Each entry should be duplicated verbatim; its pictures should not be.
==============================
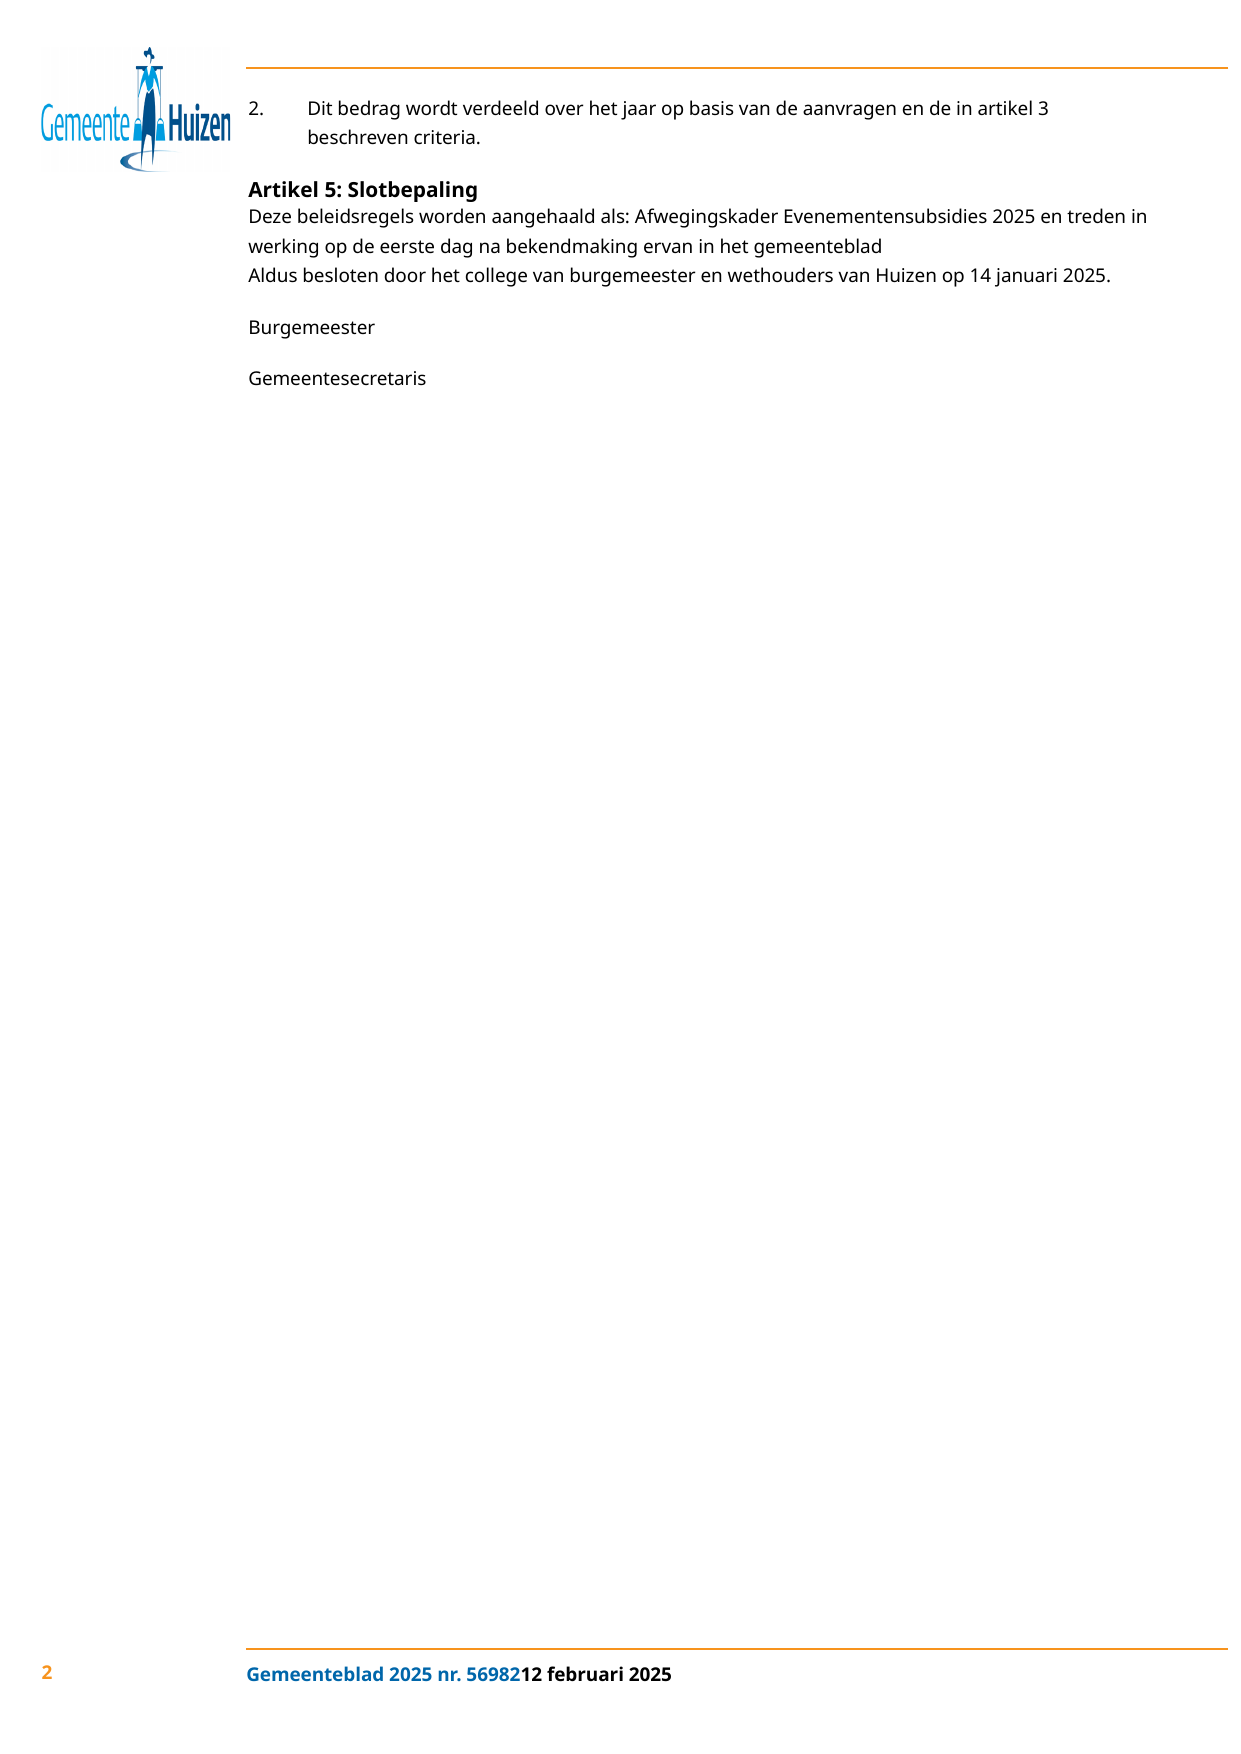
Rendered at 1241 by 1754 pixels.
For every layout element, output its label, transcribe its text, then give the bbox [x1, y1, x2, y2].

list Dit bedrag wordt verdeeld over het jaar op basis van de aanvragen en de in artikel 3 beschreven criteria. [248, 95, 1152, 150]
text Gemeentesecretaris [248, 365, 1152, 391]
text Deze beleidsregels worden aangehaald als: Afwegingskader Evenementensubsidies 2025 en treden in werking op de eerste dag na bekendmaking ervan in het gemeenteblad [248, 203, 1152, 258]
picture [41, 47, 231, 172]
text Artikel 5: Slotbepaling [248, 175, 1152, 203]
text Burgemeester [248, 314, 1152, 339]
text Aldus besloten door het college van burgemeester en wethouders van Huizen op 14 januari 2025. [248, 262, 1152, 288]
==============================
**ANSWER BOX**.
Rendered at 1241 by 1754 pixels.
For every layout element, output its label, transcribe its text, then give the bbox [x1, y1, x2, y2].

list Dit bedrag wordt verdeeld over het jaar op basis van de aanvragen en de in artikel 3 beschreven criteria. [248, 95, 1152, 150]
text Gemeentesecretaris [248, 365, 1152, 391]
text Deze beleidsregels worden aangehaald als: Afwegingskader Evenementensubsidies 2025 en treden in werking op de eerste dag na bekendmaking ervan in het gemeenteblad [248, 203, 1152, 258]
picture [41, 47, 231, 172]
text Artikel 5: Slotbepaling [248, 175, 1152, 203]
text Burgemeester [248, 314, 1152, 339]
text Aldus besloten door het college van burgemeester en wethouders van Huizen op 14 januari 2025. [248, 262, 1152, 288]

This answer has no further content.